Sementara itu di tepian hutan area Bergen, keluarga Jordahl yang sedang mengantarkan pesanan ke kerabat jauhnya itu memarkir mobilnya tiba-tiba. Alexei hanya berpamitan untuk buang air kecil dan melesat keluar mobil.
"Ayo, Pa! Kami sudah siap berangkat ini! Tiiin ... tiiin ..." teriak Penelope dari dalam mobil sambil menekan-nekan klakson. Gadis itu memang tidak sabaran dan paling tidak suka disuruh menunggu.
"Hentikan, Poppi! Biarkan Papamu menyelesaikan urusannya dulu!" sergah Liv seraya menangkis tangan putrinya yang terulur dari jok belakang ke setir mobil.
Alexei mendadak berlari sekuat tenaga dari arah hutan dan tanpa berkata sepatah kata pun, ia masuk mobil. Dijalankannya mobilnya dengan kecepatan maksimum ke jalan setapak kecil yang menyibak hutan hingga menaiki bukit.
"Aaaaaaa ...!" Penelope dan Liv berteriak ketakutan.
Alexei tidak peduli dan terus menancapkan gasnya. Terdengar riuhnya suara lolongan dan raungan serigala.
Serigala terbesar yang seolah seperti ketua kawanan Rogue itu sudah bersiap menumbukkan kepalan cakar kanannya pada Rey yang dicengkeram lengan kanannya, ketika deruman mesin mobil terdengar semakin nyaring. Sebagian besar serigala berhasil menyingkir begitu dikejutkan lampu sorot dari mobil tersebut.
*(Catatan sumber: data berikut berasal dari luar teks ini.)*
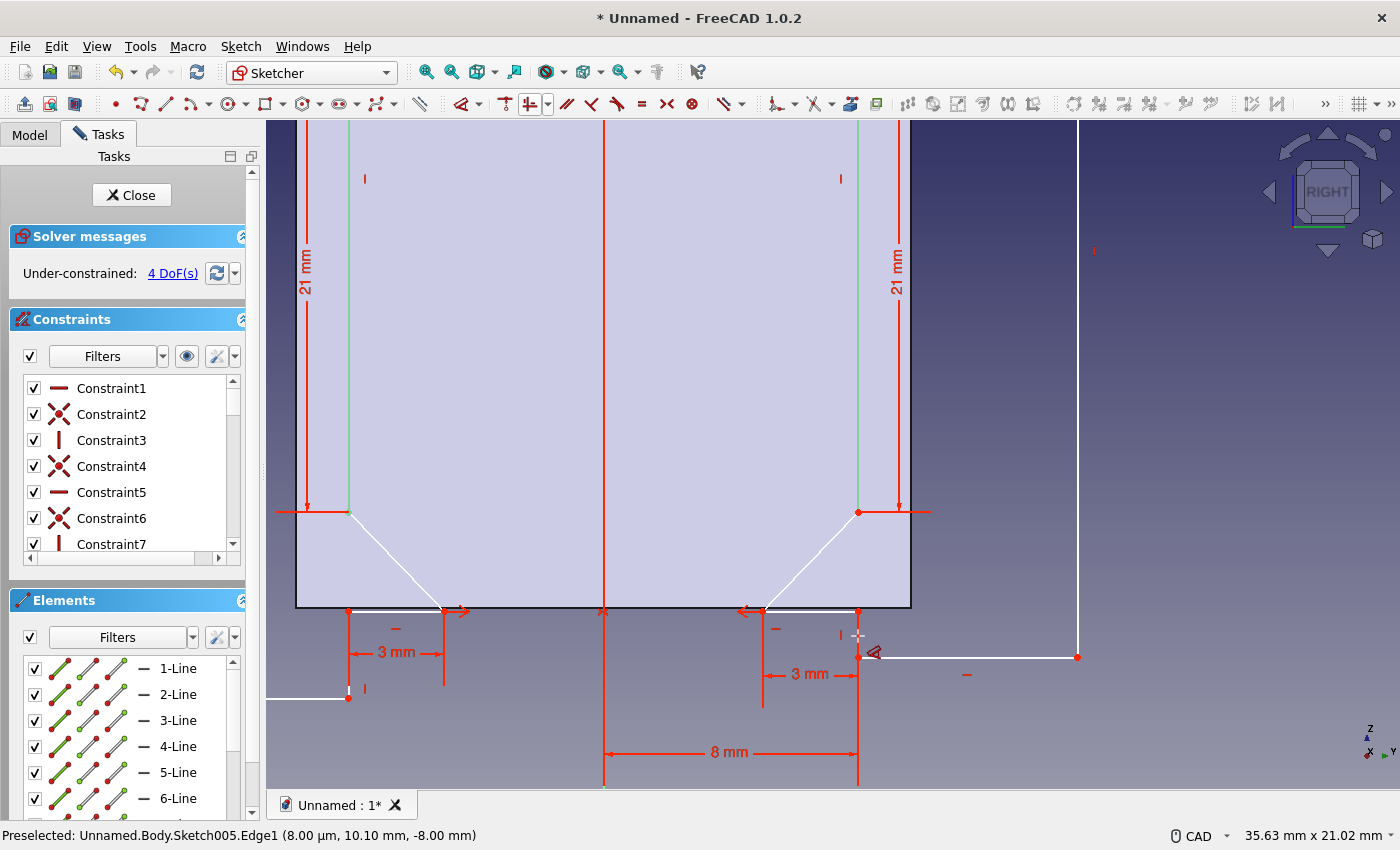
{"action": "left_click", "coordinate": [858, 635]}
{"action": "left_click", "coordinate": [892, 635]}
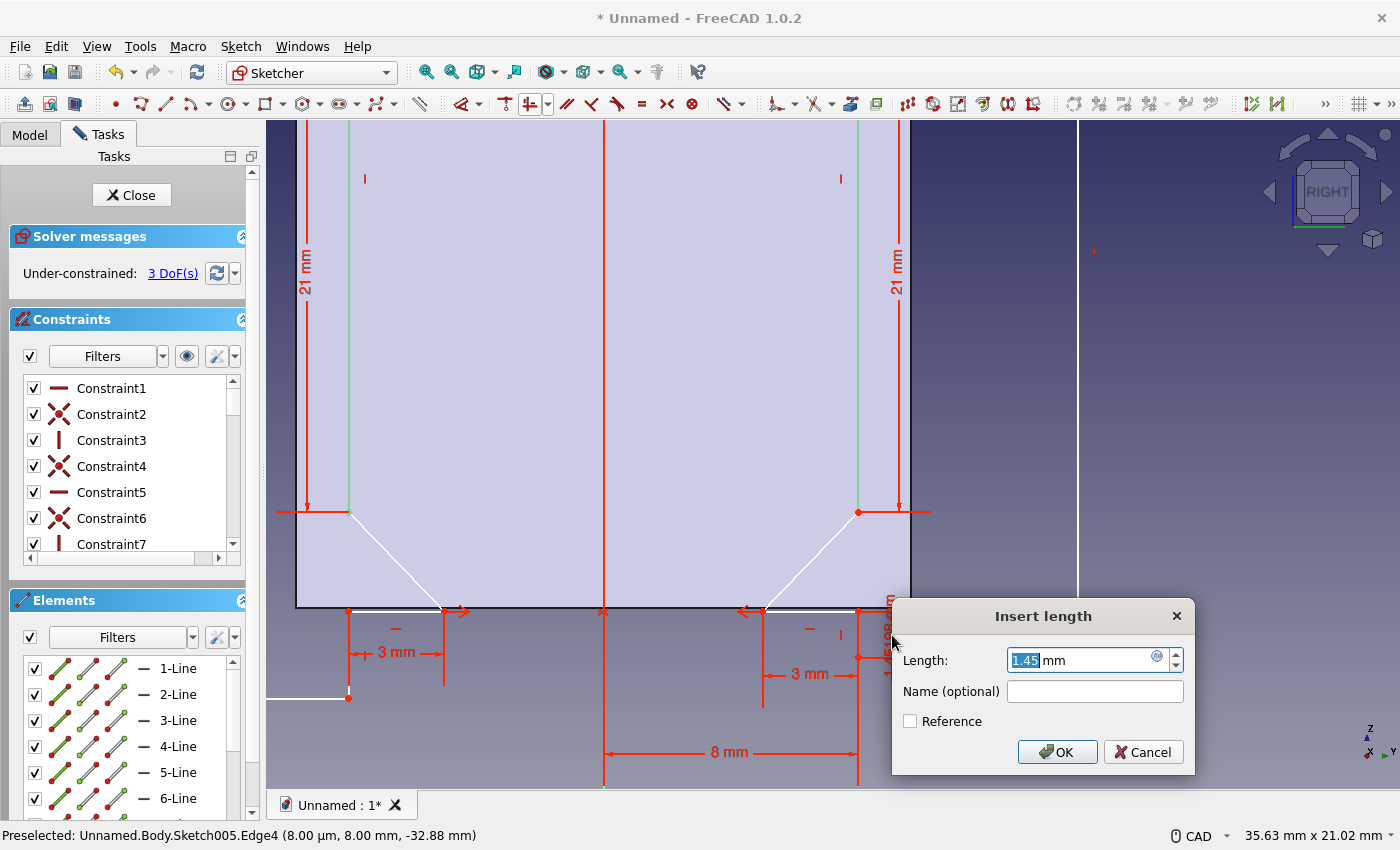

Alexei mendengus dengan keras. Liv hanya bisa mencengkeram jok mobilnya. Sementara Penelope merasa mual dan pusing luar biasa. Ia tidak sepenuhnya yakin bahwa yang dirasanya saat itu bukanlah mimpi buruk. Samar-samar dilihatnya seekor serigala di balik kemudi mobilnya. Kepalanya berdenyut keras.
Rey mendadak mencium aroma manis yang sangat pekat mengalahkan bau-bau busuk dari badan Rogue. Ia teringat bau ini pernah ditangkap hidungnya, tapi ia sedang tidak bisa memproses ingatannya sepenuhnya. Pergerakan seluruh makhluk hidup pada momen itu seolah berada pada mode slow motion.
Sebuah mobil menabrak kencang tubuh seekor serigala, "BRAAAAAK!"